Сам я больше речей не говорил, хотя речи меня не утомили, но если говорил бы, прочитал бы стихи викторианского поэта сэра Уильяма Уотсона, которые плавали в моем сознании. К тому, что сказали тогда о Беллоке, можно было, не стыдясь, прибавить слова:
Не напрасно я здесь живу,На земле этой жил Шекспир,На земле этой ты, мой друг,Удостоил дружбой меня.
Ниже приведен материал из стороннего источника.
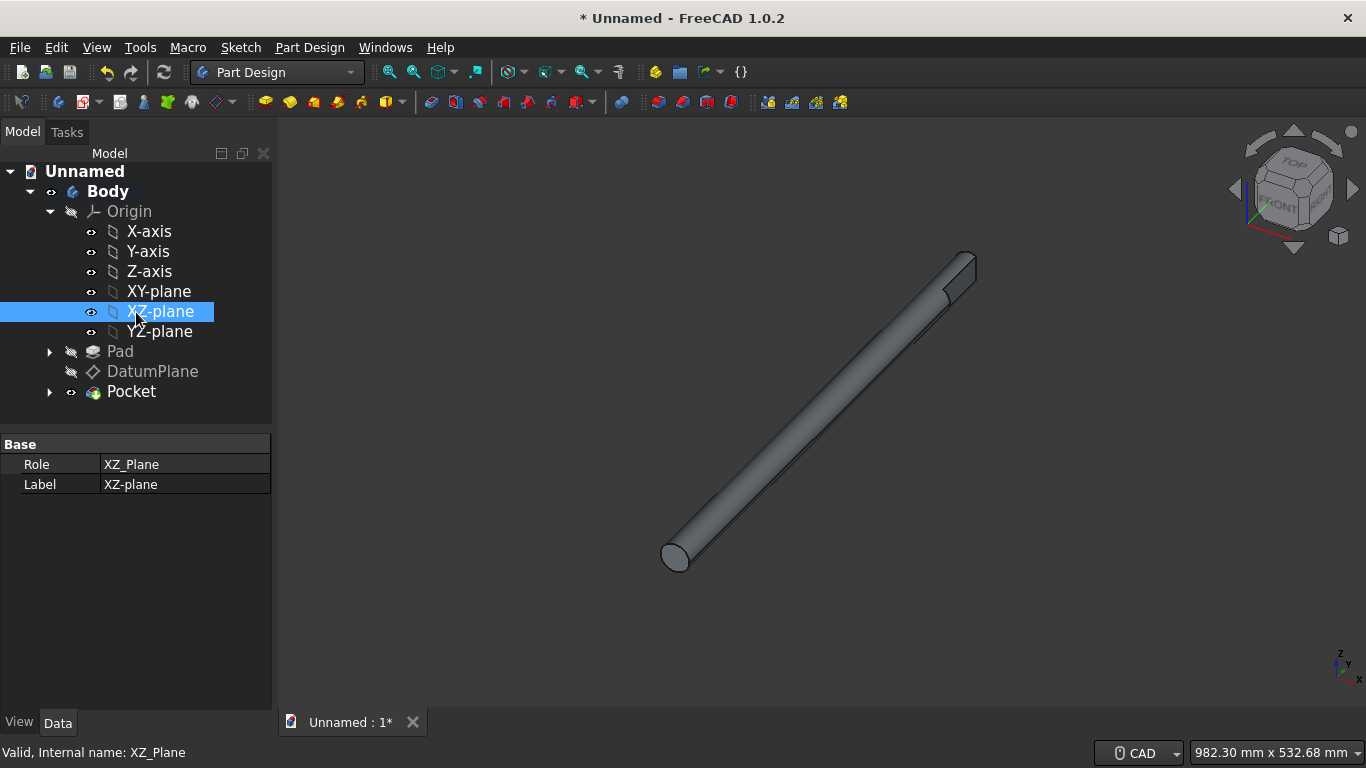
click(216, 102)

Глава XV. Несовершенный путешественник
Если в этих мемуарах я редко ставлю даты (в письмах я их просто не ставлю), меня, надеюсь, не заподозрят в неприязни к почтенной исторической школе «1066 и так далее». О 1066 я еще кое‑что помню, например — могу сказать, что Вильгельм овладел Англией только в 1067. Но все это меркнет перед современным учением, согласно которому норманны воздвигали крепости в Галилее, правили Сицилией, породили предков Аквината, чтобы англосаксы стали еще англосаксонистей, уповая в свое время стать англо — американцами. Словом, я глубоко уважаю «1066» и все же намерен смиренно сопротивляться «и так далее».